By David Donovan
The Daily Record Newswire
RALEIGH, NC — When a Pitt County jury handed down its sentence on April 4 to Antwan Anthony, convicted of killing three people during a robbery, it did something that North Carolina juries have become less and less likely to do in recent years — it sentenced him to death.
It was the first death sentence delivered in North Carolina since a Johnston County jury handed one down almost two years to the day prior in 2014. But it may be a very long time before either execution is carried out — if ever.
By Aug. 18, it will have been 10 years since the last execution in North Carolina.
The waning use of the death penalty in the state mirrors its decline across the country.
Nationally, 28 people were executed in 2015, down from a peak of 98 in 1999, and only 49 death sentences were handed down, the lowest number since the Supreme Court allowed capital punishment to resume in 1976.
A majority of Americans still approve of capital punishment, but by increasingly narrow margins, and most of the death sentences that are issued come from a tiny minority of the country’s counties.
Increasingly, these trends have had lawyers asking whether someday capital punishment in North Carolina, or perhaps in the United States as a whole, could itself be read its last rites.
Justice in an age of austerity
The death penalty’s decline has many — often reinforcing — causes, but three in particular stand out: the massive amount of resources required to prosecute such cases at a time when those resources are under pronounced pressure; the battery of constitutional challenges that have resulted in a de facto moratorium on executions; and juries’ increasing hesitancy to deliver death sentences.
The waning enthusiasm of juries mirrors the decline in support for capital punishment generally, which itself has many causes, although some argue that it’s also the result of capital defendants receiving more competent legal counsel.
Start with the toll on prosecutors’ resources. In 2001, North Carolina’s legislators gave prosecutors the discretion to decline to pursue the death penalty in first-degree murder cases — discretion they are exercising with increasing frequency.
A death penalty case will typically monopolize two of the district’s most veteran prosecutors for several months, and that forces district attorneys to make difficult decisions about how best to shepherd their offices’ already significantly overtaxed human capital.
“It’s one of the factors we consider,” said Cumberland County District Attorney Billy West. “We are fortunate here in a larger jurisdiction, and so if two of my attorneys and one or two of my support staff are devoted to a case like that for months, while it is difficult and does put a strain on our resources, we’re usually able to absorb that.

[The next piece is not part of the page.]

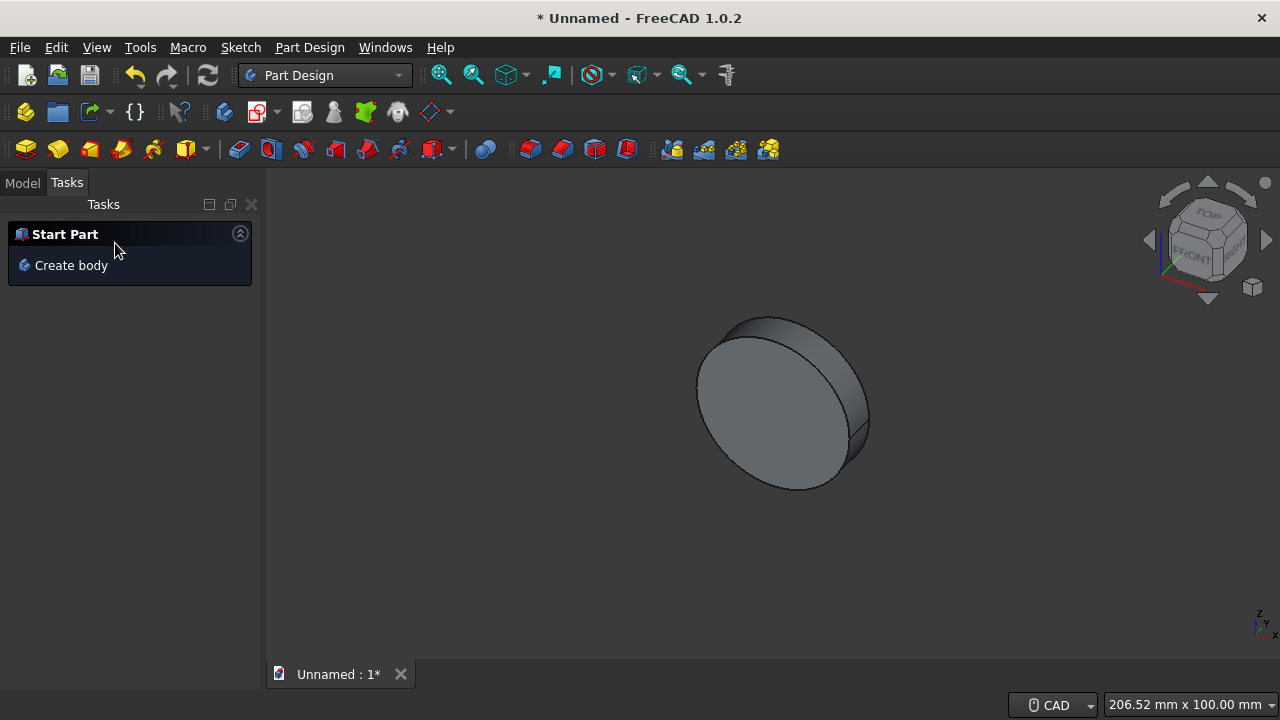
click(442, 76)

But for a smaller jurisdiction, when you’ve got five or six assistant district attorneys, I think that would be very challenging to their resources.”
When making that cost-benefit analysis, prosecutors say that they have to consider both the likelihood that the jury will agree to hand down a death sentence and the chances that the death penalty will actually be carried out if they do.
In recent years, neither of those considerations, particularly the latter, has lent itself toward pursuing death sentences.
On death row for decades
Every district attorney interviewed said that decisions about whether or not to pursue a death sentence are made in close consultation with the victims’ families.
Although the family’s wishes are not dispositive, prosecutors put great weight on providing families with closure and sparing them from unnecessary further trauma.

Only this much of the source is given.